▸ **Exercise prompt**
Exact copies of all entries are expected.

▸ **Records for this exercise**
◇ ◇ ◇ ◇ ◇
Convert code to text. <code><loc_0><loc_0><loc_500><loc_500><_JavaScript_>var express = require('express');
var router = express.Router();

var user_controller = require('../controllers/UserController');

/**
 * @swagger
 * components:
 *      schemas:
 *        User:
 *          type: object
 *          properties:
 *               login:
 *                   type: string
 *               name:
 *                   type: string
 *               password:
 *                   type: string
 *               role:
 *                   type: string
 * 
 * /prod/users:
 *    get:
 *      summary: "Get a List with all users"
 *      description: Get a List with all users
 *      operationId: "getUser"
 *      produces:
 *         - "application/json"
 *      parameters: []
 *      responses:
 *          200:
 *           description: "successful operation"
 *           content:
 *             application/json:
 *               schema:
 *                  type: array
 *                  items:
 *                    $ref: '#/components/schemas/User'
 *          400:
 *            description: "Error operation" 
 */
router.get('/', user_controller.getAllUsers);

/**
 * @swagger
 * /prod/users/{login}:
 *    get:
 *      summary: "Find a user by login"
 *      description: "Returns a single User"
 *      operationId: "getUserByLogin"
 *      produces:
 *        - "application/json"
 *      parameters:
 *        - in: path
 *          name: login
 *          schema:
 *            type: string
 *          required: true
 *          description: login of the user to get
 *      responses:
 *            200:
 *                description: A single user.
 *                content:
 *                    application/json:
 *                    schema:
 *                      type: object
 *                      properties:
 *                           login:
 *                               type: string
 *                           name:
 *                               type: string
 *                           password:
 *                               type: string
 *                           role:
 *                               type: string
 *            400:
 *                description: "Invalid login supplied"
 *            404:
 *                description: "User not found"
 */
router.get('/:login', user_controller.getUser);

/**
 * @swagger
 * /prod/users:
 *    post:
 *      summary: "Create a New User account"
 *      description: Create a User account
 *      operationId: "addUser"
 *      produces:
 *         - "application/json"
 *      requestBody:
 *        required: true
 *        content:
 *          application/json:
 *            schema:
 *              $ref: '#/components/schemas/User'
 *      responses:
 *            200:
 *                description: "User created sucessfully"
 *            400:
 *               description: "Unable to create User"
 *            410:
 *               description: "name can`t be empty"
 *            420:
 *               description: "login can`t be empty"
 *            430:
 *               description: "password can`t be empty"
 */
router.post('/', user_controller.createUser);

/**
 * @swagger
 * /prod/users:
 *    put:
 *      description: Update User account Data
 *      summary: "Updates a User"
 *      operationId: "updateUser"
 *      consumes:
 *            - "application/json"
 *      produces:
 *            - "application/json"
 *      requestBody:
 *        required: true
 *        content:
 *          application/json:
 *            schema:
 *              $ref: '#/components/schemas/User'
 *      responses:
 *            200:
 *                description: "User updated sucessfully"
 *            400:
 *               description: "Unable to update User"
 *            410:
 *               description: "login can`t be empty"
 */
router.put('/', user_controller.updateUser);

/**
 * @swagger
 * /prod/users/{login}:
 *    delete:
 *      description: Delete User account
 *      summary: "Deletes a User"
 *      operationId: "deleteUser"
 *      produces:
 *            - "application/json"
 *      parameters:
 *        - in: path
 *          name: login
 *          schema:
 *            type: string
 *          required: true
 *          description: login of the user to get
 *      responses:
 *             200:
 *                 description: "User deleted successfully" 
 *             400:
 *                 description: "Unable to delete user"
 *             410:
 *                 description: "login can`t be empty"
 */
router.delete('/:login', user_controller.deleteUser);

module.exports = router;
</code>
◇ ◇ ◇ ◇ ◇
▸ **Exercise result**
Convert code to text. <code><loc_0><loc_0><loc_500><loc_500><_JavaScript_>var express = require('express');
var router = express.Router();

var user_controller = require('../controllers/UserController');

/**
 * @swagger
 * components:
 *      schemas:
 *        User:
 *          type: object
 *          properties:
 *               login:
 *                   type: string
 *               name:
 *                   type: string
 *               password:
 *                   type: string
 *               role:
 *                   type: string
 * 
 * /prod/users:
 *    get:
 *      summary: "Get a List with all users"
 *      description: Get a List with all users
 *      operationId: "getUser"
 *      produces:
 *         - "application/json"
 *      parameters: []
 *      responses:
 *          200:
 *           description: "successful operation"
 *           content:
 *             application/json:
 *               schema:
 *                  type: array
 *                  items:
 *                    $ref: '#/components/schemas/User'
 *          400:
 *            description: "Error operation" 
 */
router.get('/', user_controller.getAllUsers);

/**
 * @swagger
 * /prod/users/{login}:
 *    get:
 *      summary: "Find a user by login"
 *      description: "Returns a single User"
 *      operationId: "getUserByLogin"
 *      produces:
 *        - "application/json"
 *      parameters:
 *        - in: path
 *          name: login
 *          schema:
 *            type: string
 *          required: true
 *          description: login of the user to get
 *      responses:
 *            200:
 *                description: A single user.
 *                content:
 *                    application/json:
 *                    schema:
 *                      type: object
 *                      properties:
 *                           login:
 *                               type: string
 *                           name:
 *                               type: string
 *                           password:
 *                               type: string
 *                           role:
 *                               type: string
 *            400:
 *                description: "Invalid login supplied"
 *            404:
 *                description: "User not found"
 */
router.get('/:login', user_controller.getUser);

/**
 * @swagger
 * /prod/users:
 *    post:
 *      summary: "Create a New User account"
 *      description: Create a User account
 *      operationId: "addUser"
 *      produces:
 *         - "application/json"
 *      requestBody:
 *        required: true
 *        content:
 *          application/json:
 *            schema:
 *              $ref: '#/components/schemas/User'
 *      responses:
 *            200:
 *                description: "User created sucessfully"
 *            400:
 *               description: "Unable to create User"
 *            410:
 *               description: "name can`t be empty"
 *            420:
 *               description: "login can`t be empty"
 *            430:
 *               description: "password can`t be empty"
 */
router.post('/', user_controller.createUser);

/**
 * @swagger
 * /prod/users:
 *    put:
 *      description: Update User account Data
 *      summary: "Updates a User"
 *      operationId: "updateUser"
 *      consumes:
 *            - "application/json"
 *      produces:
 *            - "application/json"
 *      requestBody:
 *        required: true
 *        content:
 *          application/json:
 *            schema:
 *              $ref: '#/components/schemas/User'
 *      responses:
 *            200:
 *                description: "User updated sucessfully"
 *            400:
 *               description: "Unable to update User"
 *            410:
 *               description: "login can`t be empty"
 */
router.put('/', user_controller.updateUser);

/**
 * @swagger
 * /prod/users/{login}:
 *    delete:
 *      description: Delete User account
 *      summary: "Deletes a User"
 *      operationId: "deleteUser"
 *      produces:
 *            - "application/json"
 *      parameters:
 *        - in: path
 *          name: login
 *          schema:
 *            type: string
 *          required: true
 *          description: login of the user to get
 *      responses:
 *             200:
 *                 description: "User deleted successfully" 
 *             400:
 *                 description: "Unable to delete user"
 *             410:
 *                 description: "login can`t be empty"
 */
router.delete('/:login', user_controller.deleteUser);

module.exports = router;
</code>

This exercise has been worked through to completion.